Genetic Changes Affecting Cartilage Cell Maturation may Influence Adult Height, Study Shows

When it comes to height, our fate is sealed along with our growth plates—cartilage near the ends of bones that hardens as a child develops. Research publishing April 14 in the journal Cell Genomics shows that cells in these plates determine the length and shape of our bones and can hint at our stature. The study identified potential "height genes" and found that genetic changes affecting cartilage cell maturation may strongly influence adult height.

"The study is really understanding the genetics of skeleton," says senior author Nora Renthal (@noradrenal) of Boston Children's Hospital and Harvard University. As a pediatric endocrinologist who cares for children with skeletal diseases, she is interested in understanding how bones grow. "Height is a good starting point to understand the relationship between genes, growth plates, and skeletal growth because we can measure the height of every human being."
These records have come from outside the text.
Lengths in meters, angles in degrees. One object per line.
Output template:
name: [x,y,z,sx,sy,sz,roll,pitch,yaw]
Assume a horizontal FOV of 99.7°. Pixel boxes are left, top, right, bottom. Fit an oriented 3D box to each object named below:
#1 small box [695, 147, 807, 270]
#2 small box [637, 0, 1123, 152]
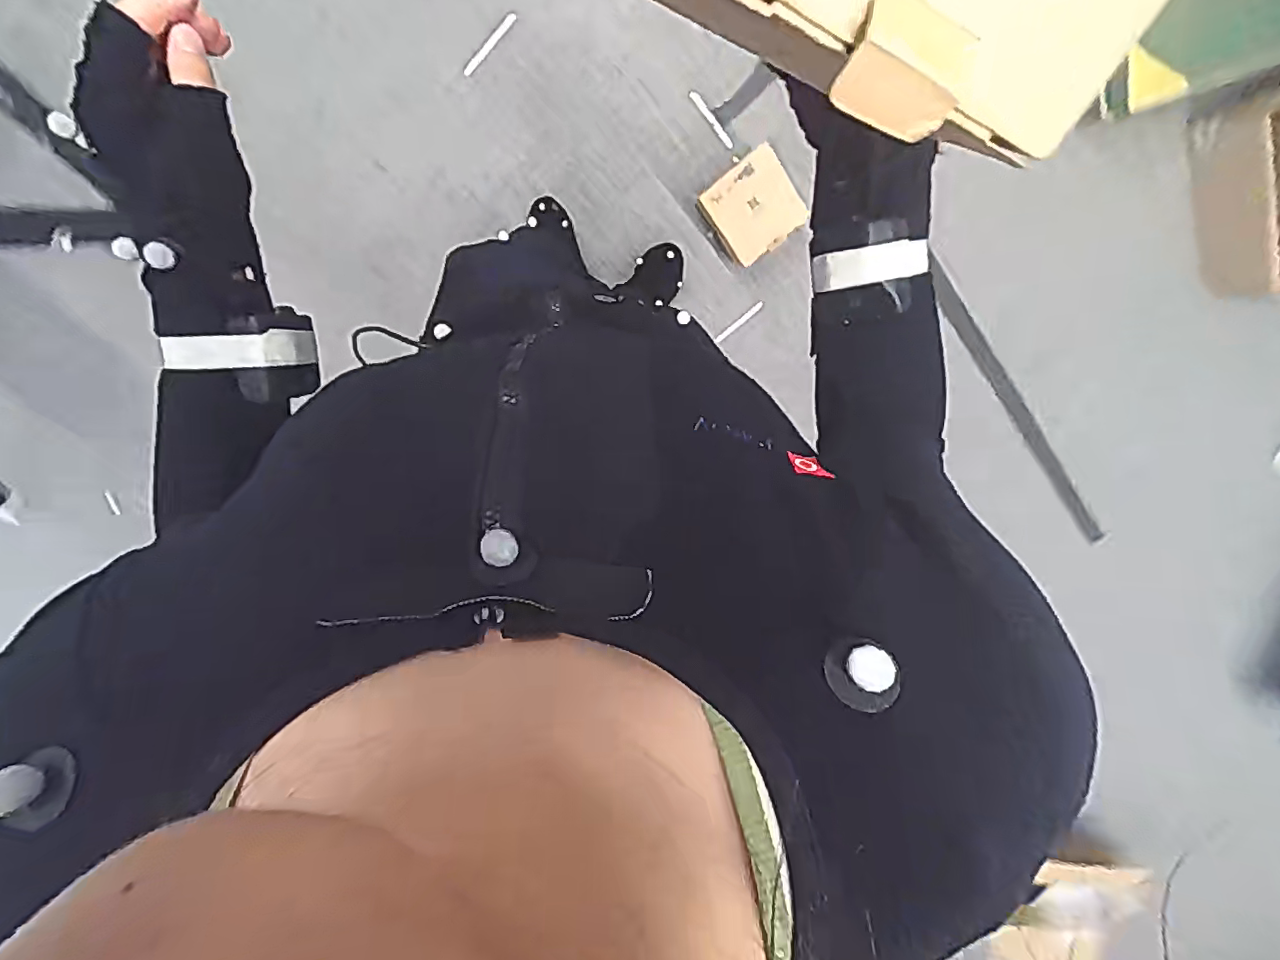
small box: [0.238,-0.597,1.196,0.168,0.176,0.179,-34,112,16]
small box: [0.092,-0.257,0.199,0.168,0.179,0.176,7,129,-25]
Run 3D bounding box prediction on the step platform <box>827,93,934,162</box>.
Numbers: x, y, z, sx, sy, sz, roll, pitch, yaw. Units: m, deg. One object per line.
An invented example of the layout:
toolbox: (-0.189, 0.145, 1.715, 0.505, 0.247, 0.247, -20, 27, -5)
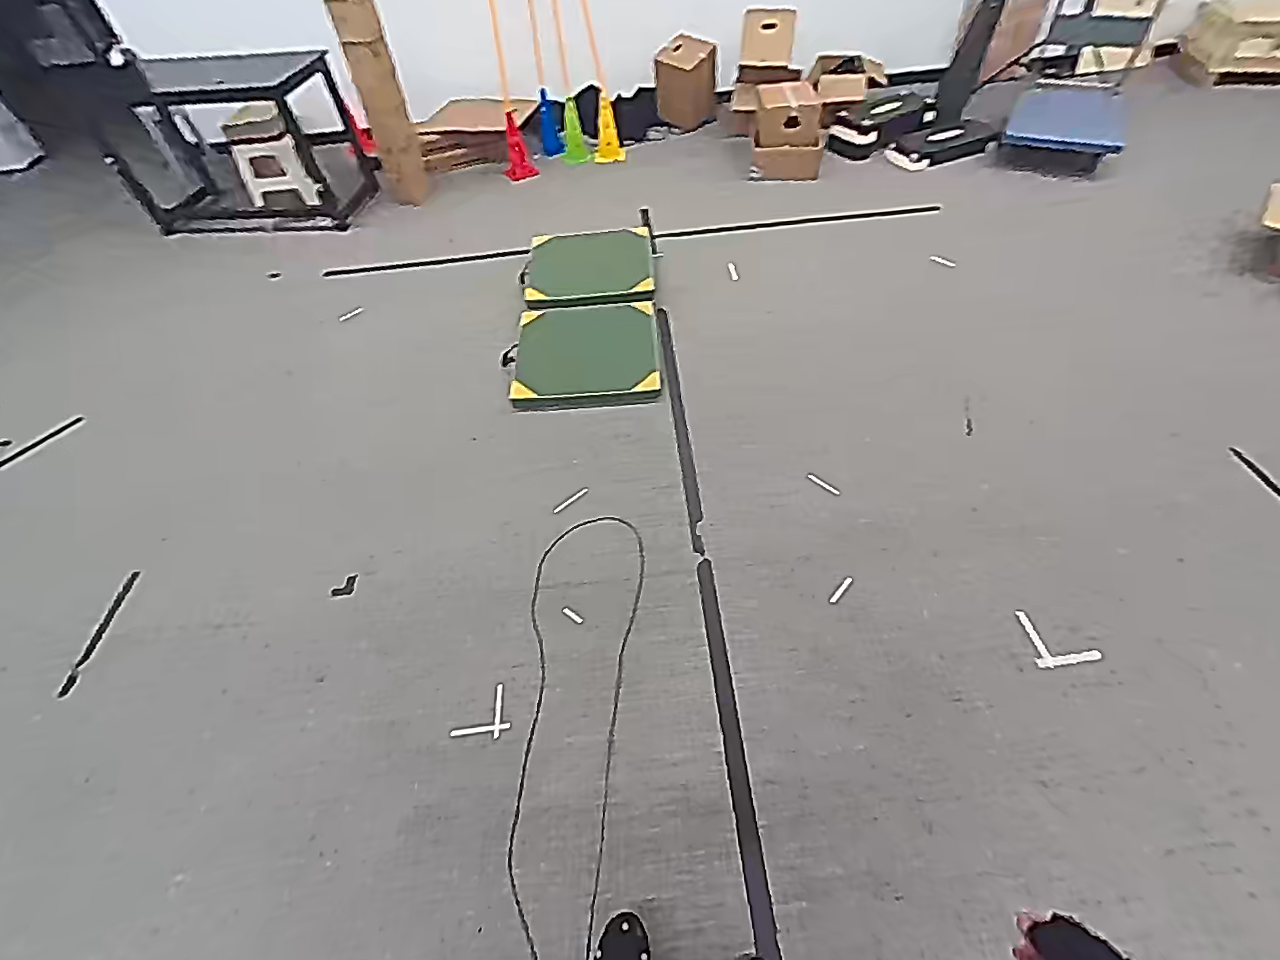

To pinpoint height-associated genes, the team screened 600 million mouse cartilage cells to identify genes that, when deleted, can alter cell growth and maturation. These types of cellular changes in the growth plate are known to lead to variations in human height. The search turned up 145 genes mostly linked to skeletal disorders and are crucial for growth plate maturation and bone formation.

The team then compared the discovered genes with data from genome-wide association studies (GWAS) of human height. GWAS allows researchers to survey the entire human genome to identify hotspots where "height genes" are located in our DNA. But these regions can contain multiple genes, making it hard for researchers to track down and study an individual target.

That's kind of like looking for your friend's house, but you only know the zip code. It's difficult."

Nora Renthal (@noradrenal) of Boston Children's Hospital and Harvard University

The comparison revealed that genes affecting cartilage cells overlap with hotspots from human height GWAS, precisely locating genes in our DNA that likely play a role in determining our stature. Renthal and her team also discovered that many of the GWAS suggested height genes led to early maturation in cartilage cells. These findings suggest that genetic changes affecting cartilage cell maturation may influence height more.

Renthal notes that studies in mouse cells may not fully translate to humans, and GWAS are observational studies that cannot fully illustrate the cause and effects of height. But her study provides a novel method to bridge the two methods and provide new insights into human genetics.

Next, the team plans to use the method to understand hormones' effect on cartilage cells. They will also look into some of the 145 genes that have no known connection to skeletal growth. The investigation may reveal new genes and pathways that play a role in the bones.

"I see patients with skeletal dysplasia, where there isn't any treatment because genetics made their bones grow this way," says Renthal. "It's my hope that the more we can understand about the biology of the growth plate, the more we would be able to intervene at earlier times in growing skeletons and the life of a kid."